We need the serial number but with that seat post clamp I think 46 to 48ish maybe later.


----------



## Tomato John (Mar 13, 2018)

Is that a good price for a 40s era Huffman frame?


----------



## tripple3 (Mar 23, 2018)

Tomato John said:


> Is that a good price for a 40s era Huffman frame?



Sold Price: $229.42 
*Prewar Columbia bicycle frame and fork*
See original listing
 


Condition: Used
“original paint, straight. no rust”
Ended:
Mar 14, 2018 , 7:00PM
Winning bid:
US $229.49
[ 22 bids ]
Shipping:
$40.00 Standard Shipping
Item location:
New York, New York, United States


----------



## tryder (Mar 29, 2018)

tripple3 said:


> We need the serial number but with that seat post clamp I think 46 to 48ish maybe later.




















[


----------



## tryder (Mar 29, 2018)

Tomato John said:


> Is that a good price for a 40s era Huffman frame?



With nice original paint?  Sure!


----------



## tryder (Mar 29, 2018)

Here is the stem that was on it:


----------



## rustjunkie (Mar 29, 2018)

What's the plan for it @tryder ?


----------



## tryder (Mar 29, 2018)

rustjunkie said:


> What's the plan for it @tryder ?



Well, I have wanted one of these with nice paint for awhile.   The plan is to build it up and ride it.


----------



## rustjunkie (Mar 29, 2018)

tryder said:


> Well, I have wanted one of these with nice paint for awhile.   The plan is to build it up and ride it.

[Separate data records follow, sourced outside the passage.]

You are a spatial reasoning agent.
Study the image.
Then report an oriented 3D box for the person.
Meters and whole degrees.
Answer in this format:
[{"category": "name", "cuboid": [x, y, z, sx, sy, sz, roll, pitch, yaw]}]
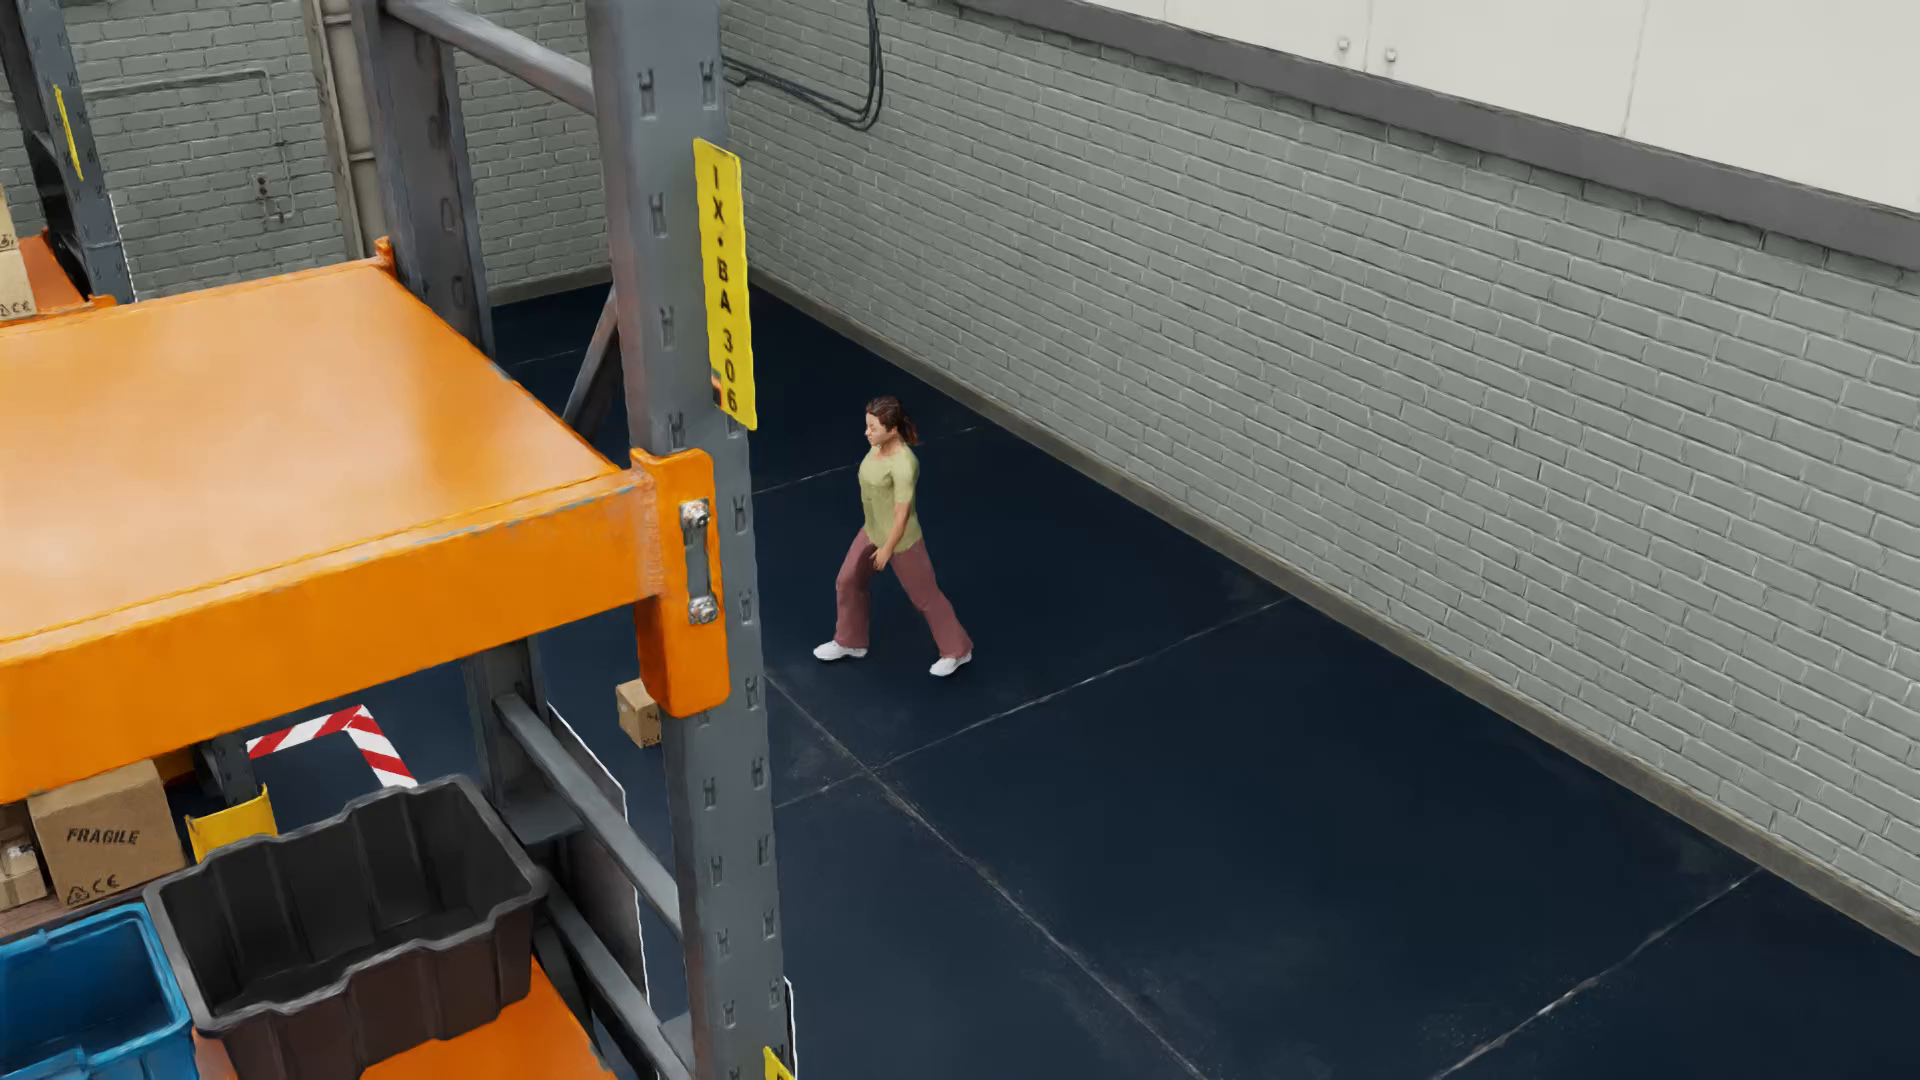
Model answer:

cool! back to stock or custom?


----------



## tryder (Mar 29, 2018)

rustjunkie said:


> cool! back to stock or custom?




Oh I am usually very particular about being correct but I just love the sticker on the front and may just leave it on for awhile so it will be mostly stock with a few "liberties".  I have a some very nice heavy duty period correct  wheels similar to the war versions.  Not sure if I am going to use  Texas longhorn bars or box bars at this point. I just got a beautiful Huffman chainring yesterday.  Huffman truss rods are on the way.


----------